[Records contained in a dataset]
== Segment start ==

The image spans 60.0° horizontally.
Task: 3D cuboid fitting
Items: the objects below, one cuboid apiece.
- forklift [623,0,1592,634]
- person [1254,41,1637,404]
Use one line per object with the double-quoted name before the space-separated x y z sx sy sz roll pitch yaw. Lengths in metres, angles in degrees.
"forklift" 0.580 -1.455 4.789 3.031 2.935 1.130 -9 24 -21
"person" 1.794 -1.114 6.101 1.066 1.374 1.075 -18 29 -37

== Segment end ==
== Segment start ==

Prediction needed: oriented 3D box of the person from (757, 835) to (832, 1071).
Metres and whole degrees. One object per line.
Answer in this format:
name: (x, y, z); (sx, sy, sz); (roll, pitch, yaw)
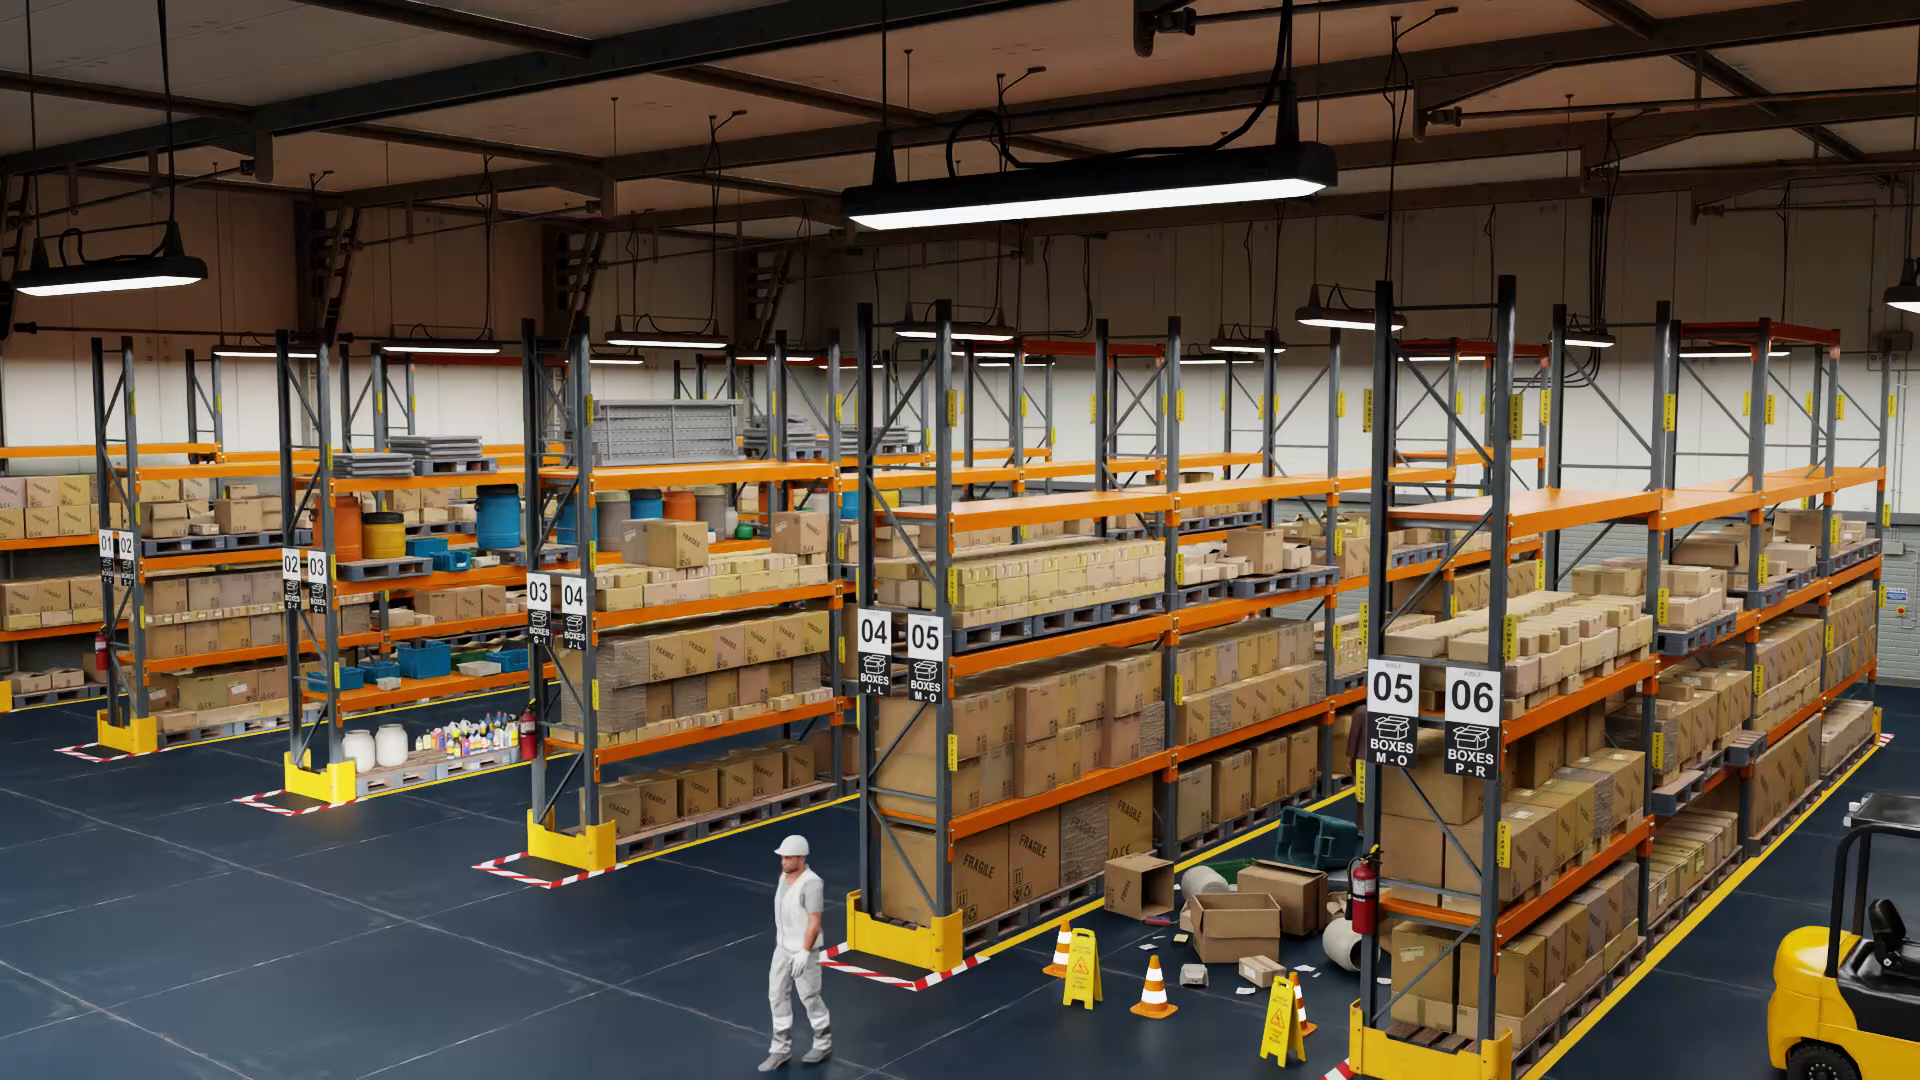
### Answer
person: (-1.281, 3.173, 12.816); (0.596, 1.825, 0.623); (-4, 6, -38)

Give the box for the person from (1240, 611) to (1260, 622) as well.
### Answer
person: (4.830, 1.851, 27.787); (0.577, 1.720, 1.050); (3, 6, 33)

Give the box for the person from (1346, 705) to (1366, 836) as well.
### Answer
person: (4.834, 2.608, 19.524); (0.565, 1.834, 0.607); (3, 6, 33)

== Segment end ==

- [WHAT IS REQUIRED]: The string "well" may appear in the lines of the records above. State how many lines contain it, with no other words.

- [WORKED SOLUTION]: 2